Action item: The number needed is how many lines of the data hold the string "font". Give that number and nothing more.

Records supplied:

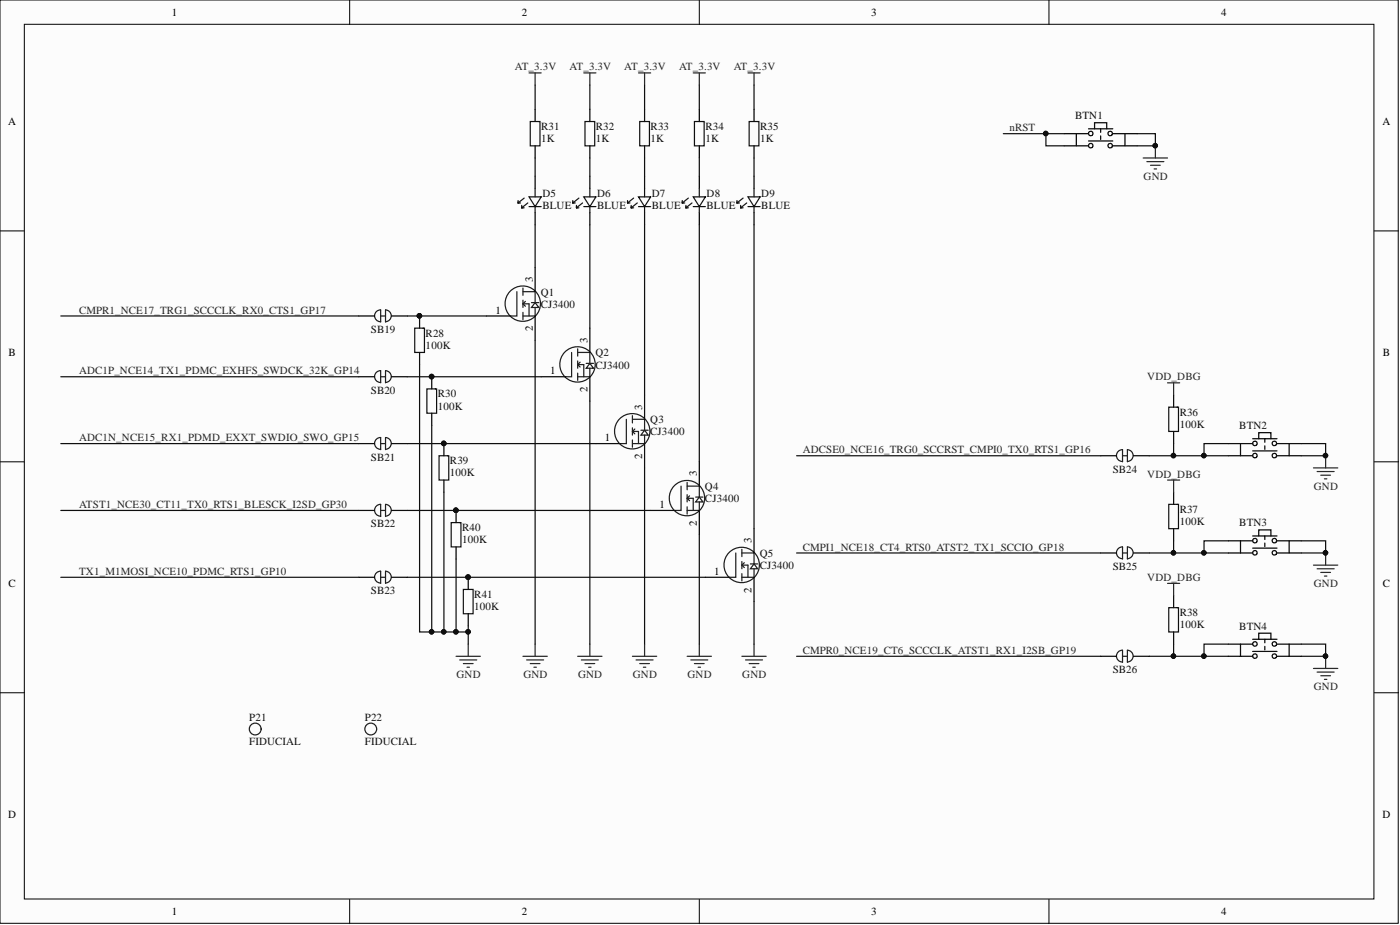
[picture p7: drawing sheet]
<svg xmlns="http://www.w3.org/2000/svg" width="292mm" height="193mm" viewBox="0 0 292 193" stroke-linecap="round" stroke-linejoin="round" font-family="sans-serif">
<defs><g id="words">
<g font-size="2.3">
<text x="35.9" y="3.3">1</text>
<text x="108.9" y="3.3">2</text>
<text x="181.8" y="3.3">3</text>
<text x="254.8" y="3.3">4</text>
<text x="1.7" y="26.1">A</text>
<text x="288.4" y="26.1">A</text>
<text x="111.1" y="58.8" transform="rotate(-90 111.1 58.8)">3</text>
<text x="103.4" y="65.4">1</text>
<text x="111.1" y="69.1" transform="rotate(-90 111.1 69.1)">2</text>
<text x="122.6" y="71.5" transform="rotate(-90 122.6 71.5)">3</text>
<text x="1.8" y="74.3">B</text>
<text x="288.5" y="74.3">B</text>
<text x="114.8" y="78.1">1</text>
<text x="122.6" y="81.8" transform="rotate(-90 122.6 81.8)">2</text>
<text x="134" y="85.4" transform="rotate(-90 134 85.4)">3</text>
<text x="126.2" y="92">1</text>
<text x="134" y="95.8" transform="rotate(-90 134 95.8)">2</text>
<text x="145.4" y="99.4" transform="rotate(-90 145.4 99.4)">3</text>
<text x="137.6" y="106">1</text>
<text x="145.4" y="109.7" transform="rotate(-90 145.4 109.7)">2</text>
<text x="156.8" y="113.3" transform="rotate(-90 156.8 113.3)">3</text>
<text x="149" y="119.9">1</text>
<text x="1.8" y="122.5">C</text>
<text x="156.8" y="123.6" transform="rotate(-90 156.8 123.6)">2</text>
<text x="288.5" y="122.5">C</text>
<text x="1.7" y="170.6">D</text>
<text x="288.4" y="170.6">D</text>
<text x="35.9" y="190.9">1</text>
<text x="108.9" y="190.9">2</text>
<text x="181.8" y="190.9">3</text>
<text x="254.8" y="190.9">4</text>
</g>
<g font-size="2.3" fill="#262626">
<text x="107.4" y="14.7">AT_3.3V</text>
<text x="118.8" y="14.7">AT_3.3V</text>
<text x="130.3" y="14.7">AT_3.3V</text>
<text x="141.7" y="14.7">AT_3.3V</text>
<text x="153.1" y="14.7">AT_3.3V</text>
<text x="210.6" y="27.4">nRST</text>
<text x="238.6" y="37.5">GND</text>
<text x="16.5" y="65.4">CMPR1_NCE17_TRG1_SCCCLK_RX0_CTS1_GP17</text>
<text x="16.5" y="78.1">ADC1P_NCE14_TX1_PDMC_EXHFS_SWDCK_32K_GP14</text>
<text x="239.4" y="79.4">VDD_DBG</text>
<text x="16.5" y="92">ADC1N_NCE15_RX1_PDMD_EXXT_SWDIO_SWO_GP15</text>
<text x="167.5" y="94.6">ADCSE0_NCE16_TRG0_SCCRST_CMPI0_TX0_RTS1_GP16</text>
<text x="239.4" y="99.6">VDD_DBG</text>
<text x="16.5" y="106">ATST1_NCE30_CT11_TX0_RTS1_BLESCK_I2SD_GP30</text>
<text x="274.1" y="102.2">GND</text>
<text x="16.5" y="119.9">TX1_M1MOSI_NCE10_PDMC_RTS1_GP10</text>
<text x="167.5" y="114.9">CMPI1_NCE18_CT4_RTS0_ATST2_TX1_SCCIO_GP18</text>
<text x="239.4" y="121.2">VDD_DBG</text>
<text x="274.1" y="122.5">GND</text>
<text x="167.5" y="136.4">CMPR0_NCE19_CT6_SCCCLK_ATST1_RX1_I2SB_GP19</text>
<text x="95.2" y="141.5">GND</text>
<text x="109.2" y="141.5">GND</text>
<text x="120.6" y="141.5">GND</text>
<text x="132" y="141.5">GND</text>
<text x="143.5" y="141.5">GND</text>
<text x="154.9" y="141.5">GND</text>
<text x="274.1" y="144">GND</text>
</g>
<g font-size="2.3" fill="#0e0e0e">
<text x="112.9" y="27.1">R31</text>
<text x="112.9" y="29.7">1K</text>
<text x="124.3" y="27.1">R32</text>
<text x="124.3" y="29.7">1K</text>
<text x="135.8" y="27.1">R33</text>
<text x="135.8" y="29.7">1K</text>
<text x="147.2" y="27.1">R34</text>
<text x="147.2" y="29.7">1K</text>
<text x="158.6" y="27.1">R35</text>
<text x="158.6" y="29.7">1K</text>
<text x="224.3" y="24.8">BTN1</text>
<text x="113.2" y="41.1">D5</text>
<text x="124.6" y="41.1">D6</text>
<text x="136" y="41.1">D7</text>
<text x="147.4" y="41.1">D8</text>
<text x="158.8" y="41.1">D9</text>
<text x="113.2" y="43.6">BLUE</text>
<text x="124.6" y="43.6">BLUE</text>
<text x="136" y="43.6">BLUE</text>
<text x="147.4" y="43.6">BLUE</text>
<text x="158.8" y="43.6">BLUE</text>
<text x="112.8" y="61.7">Q1</text>
<text x="112.8" y="64.2">CJ3400</text>
<text x="77.4" y="69.5">SB19</text>
<text x="88.8" y="70.2">R28</text>
<text x="88.8" y="72.8">100K</text>
<text x="124.3" y="74.4">Q2</text>
<text x="124.3" y="76.9">CJ3400</text>
<text x="77.4" y="82.1">SB20</text>
<text x="91.3" y="82.9">R30</text>
<text x="91.3" y="85.4">100K</text>
<text x="135.7" y="88.3">Q3</text>
<text x="246.1" y="86.7">R36</text>
<text x="246.1" y="89.2">100K</text>
<text x="258.6" y="89.5">BTN2</text>
<text x="135.7" y="90.9">CJ3400</text>
<text x="77.4" y="96.1">SB21</text>
<text x="93.9" y="96.9">R39</text>
<text x="93.9" y="99.4">100K</text>
<text x="232.2" y="98.6">SB24</text>
<text x="147.1" y="102.3">Q4</text>
<text x="147.1" y="104.8">CJ3400</text>
<text x="246.1" y="107">R37</text>
<text x="77.4" y="110">SB22</text>
<text x="96.4" y="110.8">R40</text>
<text x="96.4" y="113.3">100K</text>
<text x="246.1" y="109.5">100K</text>
<text x="258.6" y="109.8">BTN3</text>
<text x="158.5" y="116.2">Q5</text>
<text x="158.5" y="118.7">CJ3400</text>
<text x="232.2" y="118.9">SB25</text>
<text x="77.4" y="124">SB23</text>
<text x="99" y="124.7">R41</text>
<text x="99" y="127.3">100K</text>
<text x="246.1" y="128.5">R38</text>
<text x="246.1" y="131.1">100K</text>
<text x="258.6" y="131.3">BTN4</text>
<text x="232.2" y="140.5">SB26</text>
<text x="52" y="150.4">P21</text>
<text x="52" y="155.4">FIDUCIAL</text>
<text x="76.1" y="150.4">P22</text>
<text x="76.1" y="155.4">FIDUCIAL</text>
</g>
</g></defs>
<g fill="#fcfcfc" stroke="#000" stroke-width=".21">
<path d="M0 0h291.7v192.6h-291.7z"/>
<path d="M5.1 5.1h281.6v182.4h-281.6z"/>
</g>
<path d="M73 0v5.1M145.9 0v5.1M218.9 0v5.1M0 48.2h5.1M286.7 48.2h5.1M0 96.3h5.1M286.7 96.3h5.1M0 144.5h5.1M286.7 144.5h5.1M73 187.6v5.1M145.9 187.6v5.1M218.9 187.6v5.1" fill="none" stroke="#000" stroke-width=".21"/>
<g fill="none" stroke="#151515" stroke-width=".25">
<path d="M110.6 25.4h2.1v5h-2.1zM111.6 39.3v1.8M122.1 25.4h2v5h-2zM123.1 39.3v1.8M133.5 25.4h2v5h-2zM134.5 39.3v1.8M144.9 25.4h2v5h-2zM145.9 39.3v1.8M156.3 25.4h2v5h-2zM157.3 39.3v1.8M108.1 42.3h.5M108.1 41.8v.5"/>
<path d="M108.9 43.4h.5M108.9 42.8v.6M109.4 41.3l-1.3 1M110.1 42.3l-1.2 1.1M110.4 41.1h2.5l-1.3 2zM110.4 43.1h2.5M111.6 43.1v1.3M119.5 42.3h.5M119.5 41.8v.5M120.3 43.4h.5M120.3 42.8v.6M120.8 41.3l-1.3 1"/>
<path d="M121.5 42.3l-1.2 1.1M121.8 41.1h2.5l-1.2 2zM121.8 43.1h2.5M123.1 43.1v1.3M130.9 42.3h.5M130.9 41.8v.5M131.7 43.4h.5M131.7 42.8v.6M132.2 41.3l-1.3 1M133 42.3l-1.3 1.1M133.2 41.1h2.6l-1.3 2zM133.2 43.1h2.6"/>
<path d="M134.5 43.1v1.3M142.4 42.3h.5M142.4 41.8v.5M143.1 43.4h.5M143.1 42.8v.6M143.6 41.3l-1.2 1M144.4 42.3l-1.3 1.1M144.6 41.1h2.6l-1.3 2zM144.6 43.1h2.6M145.9 43.1v1.3M153.8 42.3h.5M153.8 41.8v.5"/>
<path d="M154.5 43.4h.5M154.5 42.8v.6M155 41.3l-1.2 1M155.8 42.3l-1.3 1.1M156.1 41.1h2.5l-1.3 2zM156.1 43.1h2.5M157.3 43.1v1.3M86.5 68.5h2.1v5h-2.1zM89.1 81.1h2v5.1h-2zM91.6 95.1h2v5h-2zM243.9 84.9h2v5.1h-2zM94.1 109h2.1v5.1h-2.1z"/>
<path d="M243.9 105.2h2v5.1h-2zM96.7 123h2v5h-2zM243.9 126.8h2v5h-2z"/>
</g>
<g fill="none" stroke="#000" stroke-width=".25">
<path d="M111.6 22.8v2.6M111.6 30.4v2.6M111.6 36.8v2.5M123.1 22.8v2.6M123.1 30.4v2.6M123.1 36.8v2.5M134.5 22.8v2.6M134.5 30.4v2.6M134.5 36.8v2.5M145.9 22.8v2.6M145.9 30.4v2.6M145.9 36.8v2.5"/>
<path d="M157.3 22.8v2.6M157.3 30.4v2.6M157.3 36.8v2.5M222 27.9h5.1M222 30.4h5.1M224.6 27.9v2.5M227.1 26.9h5.1M227.1 29.4h5.1M228 28.1a.47 .47 0 0 0-.4-.7 .47 .47 0 0 0-.5 .6 .47 .47 0 0 0 .8 .2M228.4 26.9v-1.3h2.5v1.3M232 28.1a.47 .47 0 0 0-.3-.7 .47 .47 0 0 0-.5 .6 .47 .47 0 0 0 .8 .2M232.2 27.9h5.1"/>
<path d="M232.2 30.4h5.1M234.7 27.9v2.5M111.6 44.4v2.5M111.6 55.8v5M123.1 44.4v2.5M134.5 44.4v2.5M145.9 44.4v2.5M157.3 44.4v2.5M74.9 65.9h3.3M74.9 78.6h3.3M81.7 65.9h3.3M81.7 78.6h3.3"/>
<path d="M87.5 65.9v2.6M87.5 73.5v2.6M90.1 78.6v2.5M101.5 65.9h5.1M111.6 65.9v5.1M112.9 78.6h5.1M123.1 68.5v5M123.1 78.6v5.1M74.9 92.5h3.3M81.7 92.5h3.3M90.1 86.2v2.5M92.6 92.5v2.6"/>
<path d="M124.3 92.5h5.1M134.5 82.4v5.1M134.5 92.5v5.1M145.9 96.3v5.1M229.6 95.1h3.3M236.5 95.1h3.3M244.9 82.4v2.5M244.9 90v2.5M256.3 92.5h5.1M256.3 95.1h5.1M258.8 92.5v2.6M261.4 91.5h5"/>
<path d="M261.4 94.1h5M262.2 92.8a.47 .47 0 0 0-.3-.8 .47 .47 0 0 0-.5 .7 .47 .47 0 0 0 .8 .1M262.2 95.3a.47 .47 0 0 0-.3-.7 .47 .47 0 0 0-.5 .6 .47 .47 0 0 0 .8 .1M262.6 91.5v-1.2h2.6v1.2M266.3 95.3a.47 .47 0 0 0-.4-.7 .47 .47 0 0 0-.4 .6 .47 .47 0 0 0 .7 .1M266.3 92.8a.47 .47 0 0 0-.4-.8 .47 .47 0 0 0-.4 .7 .47 .47 0 0 0 .7 .1M266.4 92.5h5.1M266.4 95.1h5.1M269 92.5v2.6M74.9 106.5h3.3M81.7 106.5h3.3M92.6 100.1v2.6"/>
<path d="M95.2 106.5v2.5M95.2 114.1v2.5M135.8 106.5h5M145.9 106.5v5.1M157.3 110.3v5.1M229.6 115.4h3.3M236.5 115.4h3.3M244.9 102.7v2.5M244.9 110.3v2.5M256.3 112.8h5.1M256.3 115.4h5.1M258.8 112.8v2.6"/>
<path d="M261.4 111.8h5M261.4 114.3h5M262.2 113.1a.47 .47 0 0 0-.3-.8 .47 .47 0 0 0-.5 .7 .47 .47 0 0 0 .8 .1M262.2 115.6a.47 .47 0 0 0-.3-.7 .47 .47 0 0 0-.5 .6 .47 .47 0 0 0 .8 .1M262.6 111.8v-1.3h2.6v1.3M266.3 115.6a.47 .47 0 0 0-.4-.7 .47 .47 0 0 0-.4 .6 .47 .47 0 0 0 .7 .1M266.3 113.1a.47 .47 0 0 0-.4-.8 .47 .47 0 0 0-.4 .7 .47 .47 0 0 0 .7 .1M266.4 112.8h5.1M266.4 115.4h5.1M269 112.8v2.6M74.9 120.4h3.3M81.7 120.4h3.3"/>
<path d="M97.7 120.4v2.6M97.7 128v2.6M147.2 120.4h5M157.3 120.4v5.1M229.6 136.9h3.3M236.5 136.9h3.3M244.9 124.2v2.6M244.9 131.8v2.6M256.3 134.4h5.1M256.3 136.9h5.1M258.8 134.4v2.5M261.4 133.4h5"/>
<path d="M261.4 135.9h5M262.2 134.6a.47 .47 0 0 0-.3-.7 .47 .47 0 0 0-.5 .6 .47 .47 0 0 0 .8 .1M262.2 137.1a.47 .47 0 0 0-.3-.7 .47 .47 0 0 0-.5 .6 .47 .47 0 0 0 .8 .2M262.6 133.4v-1.3h2.6v1.3M266.3 137.1a.47 .47 0 0 0-.4-.7 .47 .47 0 0 0-.4 .6 .47 .47 0 0 0 .7 .2M266.3 134.6a.47 .47 0 0 0-.4-.7 .47 .47 0 0 0-.4 .6 .47 .47 0 0 0 .7 .1M266.4 134.4h5.1M266.4 136.9h5.1M269 134.4v2.5"/>
<circle cx="227.6" cy="30.4" r=".47"/>
<circle cx="231.6" cy="30.4" r=".47"/>
</g>
<g fill="none" stroke="#262626" stroke-width=".25">
<path d="M110.4 15.2h2.5M111.6 15.2v2.5M121.8 15.2h2.5M123.1 15.2v2.5M133.2 15.2h2.6M134.5 15.2v2.5M144.6 15.2h2.6M145.9 15.2v2.5M156.1 15.2h2.5M157.3 15.2v2.5M238.5 33h5.1M239.3 33.7h3.5"/>
<path d="M240 34.5h2.1M240.8 35.2h.5M241.1 30.4v2.6M243.6 79.9h2.5M244.9 79.9v2.5M274 97.6h5.1M274.8 98.4h3.6M275.6 99.1h2M276.3 99.9h.5M276.6 95.1v2.5M243.6 100.1h2.5M244.9 100.1v2.6"/>
<path d="M274 117.9h5.1M274.8 118.7h3.6M275.6 119.4h2M276.6 115.4v2.5M95.2 136.9h5M95.9 137.7h3.6M96.7 138.4h2M97.4 139.2h.5M97.7 134.4v2.5M109.1 136.9h5.1M109.9 137.7h3.5M110.6 138.4h2.1"/>
<path d="M111.4 139.2h.5M111.6 134.4v2.5M120.5 136.9h5.1M121.3 137.7h3.5M122.1 138.4h2M122.8 139.2h.5M123.1 134.4v2.5M131.9 136.9h5.1M132.7 137.7h3.6M133.5 138.4h2M134.2 139.2h.5M134.5 134.4v2.5"/>
<path d="M143.4 136.9h5M144.1 137.7h3.6M144.9 138.4h2M145.7 139.2h.5M145.9 134.4v2.5M154.8 136.9h5.1M155.5 137.7h3.6M156.3 138.4h2M157.1 139.2h.5M157.3 134.4v2.5M243.6 121.7h2.5M244.9 121.7v2.5"/>
<path d="M274 139.4h5.1M276.3 120.2h.5M276.6 136.9v2.5M274.8 140.2h3.6M275.6 141h2M276.3 141.7h.5"/>
</g>
<g fill="none" stroke="#1c1c1c" stroke-width=".25">
<path d="M79.4 67.1a1.23 1.23 0 0 1-1.2-1.2 1.23 1.23 0 0 1 1.2-1.2v2.5M79.4 79.8a1.23 1.23 0 0 1-1.2-1.2 1.23 1.23 0 0 1 1.2-1.3v2.6M79.4 65.9h1M79.4 78.6h1M80.4 67.1a1.23 1.23 0 0 0 1.2-1.2 1.23 1.23 0 0 0-1.2-1.2v2.5M80.4 79.8a1.23 1.23 0 0 0 1.2-1.2 1.23 1.23 0 0 0-1.2-1.3v2.6M107.8 60.8v5.1h-1.2M109.1 60.1v1.5M109.1 62.6v1.5M109.1 65.2v1.5M109.1 60.8h2.5v2.3M109.1 63.4h1.3v2.5"/>
<path d="M109.1 63.4l.5 .5M109.6 62.9l-.5 .5M110.9 63.1h1.5M111.6 63.1l.8 1h-1.5zM111.6 64.1v1.8h-2.5M111.7 65.9a3.7 3.7 0 0 0-1.5-6.1 3.7 3.7 0 0 0-4.8 4 3.7 3.7 0 0 0 5.7 2.6l.5-.4M119.3 73.5v5.1h-1.3M120.5 72.8v1.5M120.5 75.3v1.5M120.5 77.8v1.6M120.5 73.5h2.6v2.3M120.5 76.1h1.3v2.5"/>
<path d="M120.5 76.1l.5 .5M121 75.6l-.5 .5M122.3 75.8h1.5M123.1 75.8l.7 1h-1.5zM123.1 76.8v1.8h-2.6M123.2 78.6a3.7 3.7 0 0 0-1.5-6.1 3.7 3.7 0 0 0-4.9 4 3.7 3.7 0 0 0 5.7 2.6l.6-.4M79.4 93.7a1.23 1.23 0 0 1-1.2-1.2 1.23 1.23 0 0 1 1.2-1.2v2.5M79.4 92.5h1M80.4 93.7a1.23 1.23 0 0 0 1.2-1.2 1.23 1.23 0 0 0-1.2-1.2v2.5M130.7 87.5v5h-1.3M131.9 86.7v1.5M131.9 89.2v1.6"/>
<path d="M131.9 91.8v1.5M131.9 87.5h2.6v2.3M131.9 90h1.3v2.5M131.9 90l.6 .5M132.5 89.5l-.6 .5M133.7 89.8h1.5M134.5 89.8l.7 1h-1.5zM134.5 90.8v1.7h-2.6M134.6 92.5a3.7 3.7 0 0 0-1.5-6 3.7 3.7 0 0 0-4.9 3.9 3.7 3.7 0 0 0 5.7 2.7l.6-.5M234.2 96.3a1.23 1.23 0 0 1-1.3-1.3 1.23 1.23 0 0 1 1.3-1.2v2.5M234.2 95.1h1M235.2 96.3a1.23 1.23 0 0 0 1.2-1.3 1.23 1.23 0 0 0-1.2-1.2v2.5"/>
<path d="M79.4 107.7a1.23 1.23 0 0 1-1.2-1.3 1.23 1.23 0 0 1 1.2-1.2v2.6M79.4 106.5h1M80.4 107.7a1.23 1.23 0 0 0 1.2-1.2 1.23 1.23 0 0 0-1.2-1.3v2.6M142.1 101.4v5.1h-1.3M143.4 100.7v1.5M143.4 103.2v1.5M143.4 105.7v1.5M143.4 101.4h2.5v2.3M143.4 104h1.2v2.5M143.4 104l.5 .5M143.9 103.4l-.5 .6M145.1 103.7h1.6"/>
<path d="M145.9 103.7l.8 1h-1.6zM145.9 104.7v1.8h-2.5M146 106.5a3.7 3.7 0 0 0-1.5-6.1 3.7 3.7 0 0 0-4.8 4 3.7 3.7 0 0 0 5.6 2.6l.6-.4M153.5 115.4v5h-1.3M154.8 114.6v1.5M154.8 117.1v1.6M154.8 119.7v1.5M154.8 115.4h2.5v2.2M154.8 117.9h1.3v2.5M154.8 117.9l.5 .5M155.3 117.4l-.5 .5M156.6 117.6h1.5"/>
<path d="M157.3 117.6l.8 1.1h-1.5zM157.3 118.7v1.7h-2.5M234.2 116.6a1.23 1.23 0 0 1-1.3-1.3 1.23 1.23 0 0 1 1.3-1.2v2.5M234.2 115.4h1M235.2 116.6a1.23 1.23 0 0 0 1.2-1.3 1.23 1.23 0 0 0-1.2-1.2v2.5M79.4 121.6a1.23 1.23 0 0 1-1.2-1.2 1.23 1.23 0 0 1 1.2-1.2v2.5M79.4 120.4h1M80.4 121.6a1.23 1.23 0 0 0 1.2-1.2 1.23 1.23 0 0 0-1.2-1.2v2.5M157.4 120.4a3.7 3.7 0 0 0-1.5-6 3.7 3.7 0 0 0-4.8 3.9 3.7 3.7 0 0 0 5.6 2.7l.6-.5M234.2 138.1a1.23 1.23 0 0 1-1.3-1.2 1.23 1.23 0 0 1 1.3-1.3v2.6M234.2 136.9h1M235.2 138.1a1.23 1.23 0 0 0 1.2-1.2 1.23 1.23 0 0 0-1.2-1.3v2.6"/>
<circle cx="53.2" cy="152.1" r="1.23"/>
<circle cx="77.4" cy="152.1" r="1.23"/>
</g>
<g fill="#0e0e0e" stroke="#0e0e0e" stroke-width=".21">
<circle cx="87.5" cy="65.9" r=".47"/>
<circle cx="90" cy="78.6" r=".47"/>
<circle cx="92.6" cy="92.5" r=".47"/>
<circle cx="95.1" cy="106.4" r=".47"/>
<circle cx="97.7" cy="120.4" r=".47"/>
<circle cx="276.5" cy="95" r=".47"/>
<circle cx="276.5" cy="115.3" r=".47"/>
<circle cx="276.5" cy="136.9" r=".47"/>
<circle cx="241" cy="30.4" r=".47"/>
<circle cx="90" cy="131.8" r=".47"/>
<circle cx="92.6" cy="131.8" r=".47"/>
<circle cx="95.1" cy="131.8" r=".47"/>
<circle cx="97.7" cy="131.8" r=".47"/>
<circle cx="251.2" cy="95" r=".47"/>
<circle cx="244.8" cy="95" r=".47"/>
<circle cx="251.2" cy="115.3" r=".47"/>
<circle cx="244.8" cy="115.3" r=".47"/>
<circle cx="251.2" cy="136.9" r=".47"/>
<circle cx="244.8" cy="136.9" r=".47"/>
<circle cx="218.2" cy="27.8" r=".47"/>
</g>
<path d="M229.6 26.9v2.5M263.9 91.5v2.6M263.9 111.8v2.5M263.9 133.4v2.5" fill="none" stroke="#000" stroke-width=".25" stroke-dasharray=".7 .7"/>
<g fill="none" stroke="#0e0e0e" stroke-width=".25">
<path d="M111.6 17.7v5.1M123.1 17.7v5.1M134.5 17.7v5.1M145.9 17.7v5.1M157.3 17.7v5.1M111.6 33v3.8M123.1 33v3.8M134.5 33v3.8M145.9 33v3.8M157.3 33v3.8M209.3 27.9h8.9M222 27.9h-3.8v2.5h3.8"/>
<path d="M237.3 27.9h3.8v2.5h-3.8M111.6 46.9v8.9M123.1 46.9v21.6M134.5 46.9v35.5M145.9 46.9v49.4M157.3 46.9v63.4M12.7 65.9h62.2M12.7 78.6h62.2M85 65.9h16.5M85 78.6h27.9M87.5 76.1v55.7h10.2M111.6 71v63.4"/>
<path d="M12.7 92.5h62.2M85 92.5h39.3M90.1 88.7v43.1M123.1 83.7v50.7M134.5 97.6v36.8M166.2 95.1h63.4M239.8 95.1h16.5M244.9 92.5v2.6M256.3 92.5h-5.1v2.6M271.5 92.5h5.1v2.6h-5.1M12.7 106.5h62.2M85 106.5h50.8"/>
<path d="M92.6 102.7v29.1M95.2 116.6v15.2M145.9 111.6v22.8M166.2 115.4h63.4M239.8 115.4h16.5M244.9 112.8v2.6M256.3 112.8h-5.1v2.6M271.5 112.8h5.1v2.6h-5.1M12.7 120.4h62.2M85 120.4h62.2M97.7 130.6v3.8M157.3 125.5v8.9"/>
<path d="M166.2 136.9h63.4M239.8 136.9h16.5M244.9 134.4v2.5M256.3 134.4h-5.1v2.5M271.5 134.4h5.1v2.5h-5.1"/>
</g>
<use href="#words"/>
</svg>

Solved exercise: 4